/feast-ibm

This is a IBM Cloud plugin for Feast (https://github.com/feast-dev/feast) open source feature store

Primary LanguagePythonApache License 2.0Apache-2.0

Feast plugin for IBM Cloud.
This plugin implements Feast's offline store backed using IBM Cloud Data Engine and IBM Cloud Object Storage

Installation

Project dependencies can be installed in a dedicated virtual environment by running the following command:

poetry install

Testing and Linting

poetry run pytest tests/
poetry run pylint ibm_data_engine

Test with Feast

You use it with Feast by defining your offline store and data sources. The instructions below illustrate how it can be used in feast-ibm-quickstart.

Define dependency

This library is currently not published in PyPI; you will have to point to the repository directly. The easiest way to do it is to clone the repository, and define the dependency as a path in feast-ibm-quickstart.

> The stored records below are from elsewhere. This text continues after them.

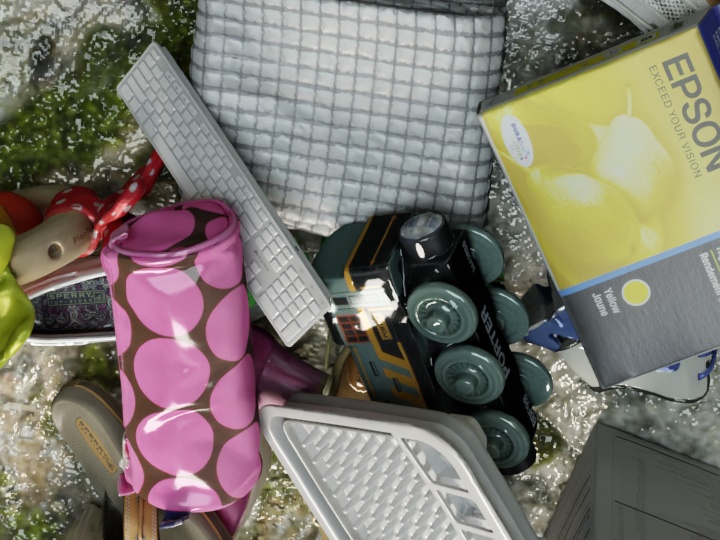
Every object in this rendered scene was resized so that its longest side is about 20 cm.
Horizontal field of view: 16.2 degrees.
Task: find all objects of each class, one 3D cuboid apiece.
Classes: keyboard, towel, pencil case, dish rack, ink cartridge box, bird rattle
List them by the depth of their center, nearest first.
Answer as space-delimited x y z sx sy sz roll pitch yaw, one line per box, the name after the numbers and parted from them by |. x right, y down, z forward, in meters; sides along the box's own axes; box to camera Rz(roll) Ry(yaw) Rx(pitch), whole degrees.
0.200 -0.049 1.538 0.199 0.047 0.198 -21 105 17 | ink cartridge box
-0.086 -0.047 1.571 0.056 0.011 0.201 -42 78 41 | keyboard
-0.113 0.055 1.579 0.093 0.091 0.201 0 117 5 | pencil case
0.037 0.143 1.595 0.199 0.044 0.172 4 132 50 | dish rack
-0.010 -0.107 1.603 0.199 0.086 0.167 7 115 4 | towel
-0.217 -0.025 1.621 0.200 0.163 0.113 -39 121 -27 | bird rattle

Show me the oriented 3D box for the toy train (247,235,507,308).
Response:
0.000 0.000 1.644 0.199 0.042 0.057 1 90 -12 | toy train

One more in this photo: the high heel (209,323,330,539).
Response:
-0.102 0.117 1.695 0.096 0.067 0.200 29 129 -3 | high heel

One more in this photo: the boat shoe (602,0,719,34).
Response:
0.217 -0.135 1.576 0.200 0.071 0.069 44 110 -1 | boat shoe

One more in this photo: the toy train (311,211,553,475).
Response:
0.046 0.049 1.595 0.113 0.085 0.201 -4 128 27 | toy train

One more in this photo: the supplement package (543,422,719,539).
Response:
0.180 0.202 1.634 0.113 0.200 0.110 21 111 -1 | supplement package

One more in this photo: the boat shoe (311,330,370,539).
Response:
-0.002 0.124 1.698 0.073 0.063 0.201 -1 111 6 | boat shoe

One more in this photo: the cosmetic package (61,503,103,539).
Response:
-0.209 0.274 1.773 0.105 0.071 0.200 37 110 -9 | cosmetic package

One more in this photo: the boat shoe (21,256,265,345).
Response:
-0.140 0.015 1.669 0.199 0.069 0.072 -1 110 6 | boat shoe

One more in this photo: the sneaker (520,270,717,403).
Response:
0.208 0.015 1.634 0.199 0.081 0.115 -35 112 17 | sneaker

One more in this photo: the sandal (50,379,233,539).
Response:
-0.150 0.162 1.694 0.200 0.054 0.082 53 140 8 | sandal

ibm-data-engine = { path = "/path/to/ibm-data-engine" }

After running poetry update, you should be able to use the IBM Cloud Data Engine offline store.

Define data source

You can modify the src/feature_repo/example_repo.py file to use the new data source. Below is the minimal example of the file:

from ibm_data_engine import DataEngineDataSource
driver_stats_source = DataEngineDataSource(
    name="driver_hourly_stats_source",
    table="driver_stats_demo",
    timestamp_field="event_timestamp",
)

Define offline store

Then, feature_repo/feature_store.yaml must configure the offline store.

project: test_plugin
entity_key_serialization_version: 2
registry: data/registry.db
provider: local
online_store:
    type: redis
    connection_string: ${REDIS_HOST}:${REDIS_PORT},username=${REDIS_USERNAME},password=${REDIS_PASSWORD},ssl=true,ssl_ca_certs=${REDIS_CERT_PATH},db=0

offline_store:
    type: ibm_data_engine.DataEngineOfflineStore
    api_key: ${DATA_ENGINE_API_KEY}
    instance_crn: ${DATA_ENGINE_INSTANCE_CRN}
    target_cos_url: ${IBM_CLOUD_OBJECT_STORE_URL}

Notice that you must define the environment variables:

  • IBM_CLOUD_OBJECT_STORE_URL
  • REDIS_HOST
  • REDIS_PORT
  • REDIS_PASSWORD
  • REDIS_CERT_PATH
  • DATA_ENGINE_API_KEY
  • DATA_ENGINE_INSTANCE_CRN

Apply

To apply the definitions to the registry, run:

poetry run feast -c ./feature_repo apply

Training

Run training by retrieving historical feature information from feature store

poetry run python training.py

Materialize

To materialize to Redis, run:

poetry run feast -c ./ materialize '<START_TIMESTAMP>'  '<END_TIMESTAMP>'

Inference

poetry run python inference.py